**Work item**: Leave out the pictures, and retype the remaining data exactly.

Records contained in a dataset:
_____
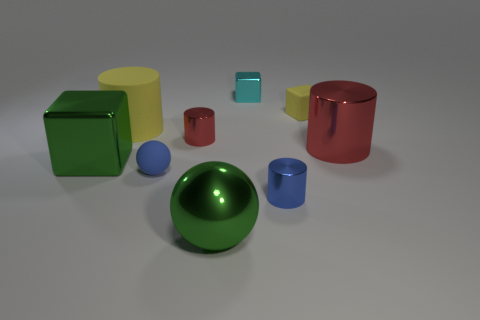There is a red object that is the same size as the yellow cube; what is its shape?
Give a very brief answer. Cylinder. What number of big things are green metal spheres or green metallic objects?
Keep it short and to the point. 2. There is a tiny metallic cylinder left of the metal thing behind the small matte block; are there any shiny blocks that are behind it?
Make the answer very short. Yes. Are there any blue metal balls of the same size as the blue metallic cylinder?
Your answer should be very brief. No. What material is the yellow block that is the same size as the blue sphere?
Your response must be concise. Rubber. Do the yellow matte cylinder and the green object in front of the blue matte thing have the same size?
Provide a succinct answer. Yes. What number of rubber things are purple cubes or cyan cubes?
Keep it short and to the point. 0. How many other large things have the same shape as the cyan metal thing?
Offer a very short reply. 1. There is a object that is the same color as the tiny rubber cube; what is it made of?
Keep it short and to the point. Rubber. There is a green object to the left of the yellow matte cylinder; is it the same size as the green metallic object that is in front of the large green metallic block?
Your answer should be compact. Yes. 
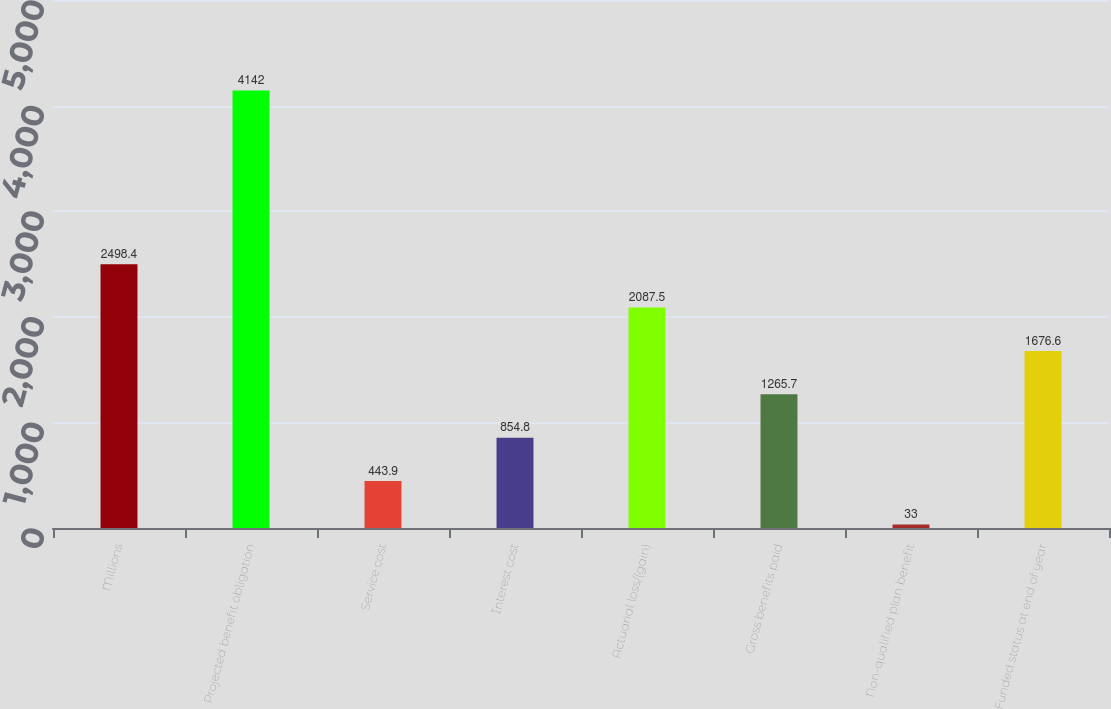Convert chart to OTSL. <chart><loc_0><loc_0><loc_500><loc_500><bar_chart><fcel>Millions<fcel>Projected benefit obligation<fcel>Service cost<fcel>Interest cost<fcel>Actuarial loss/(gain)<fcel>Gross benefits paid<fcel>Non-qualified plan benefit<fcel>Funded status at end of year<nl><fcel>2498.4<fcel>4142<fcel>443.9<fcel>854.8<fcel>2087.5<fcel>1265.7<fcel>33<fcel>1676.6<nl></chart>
_____
**Response to this task**:
There is a red object that is the same size as the yellow cube; what is its shape?
Give a very brief answer. Cylinder. What number of big things are green metal spheres or green metallic objects?
Keep it short and to the point. 2. There is a tiny metallic cylinder left of the metal thing behind the small matte block; are there any shiny blocks that are behind it?
Make the answer very short. Yes. Are there any blue metal balls of the same size as the blue metallic cylinder?
Your answer should be very brief. No. What material is the yellow block that is the same size as the blue sphere?
Your response must be concise. Rubber. Do the yellow matte cylinder and the green object in front of the blue matte thing have the same size?
Provide a succinct answer. Yes. What number of rubber things are purple cubes or cyan cubes?
Keep it short and to the point. 0. How many other large things have the same shape as the cyan metal thing?
Offer a very short reply. 1. There is a object that is the same color as the tiny rubber cube; what is it made of?
Keep it short and to the point. Rubber. There is a green object to the left of the yellow matte cylinder; is it the same size as the green metallic object that is in front of the large green metallic block?
Your answer should be compact. Yes. 
Convert chart to OTSL. <chart><loc_0><loc_0><loc_500><loc_500><bar_chart><fcel>Millions<fcel>Projected benefit obligation<fcel>Service cost<fcel>Interest cost<fcel>Actuarial loss/(gain)<fcel>Gross benefits paid<fcel>Non-qualified plan benefit<fcel>Funded status at end of year<nl><fcel>2498.4<fcel>4142<fcel>443.9<fcel>854.8<fcel>2087.5<fcel>1265.7<fcel>33<fcel>1676.6<nl></chart>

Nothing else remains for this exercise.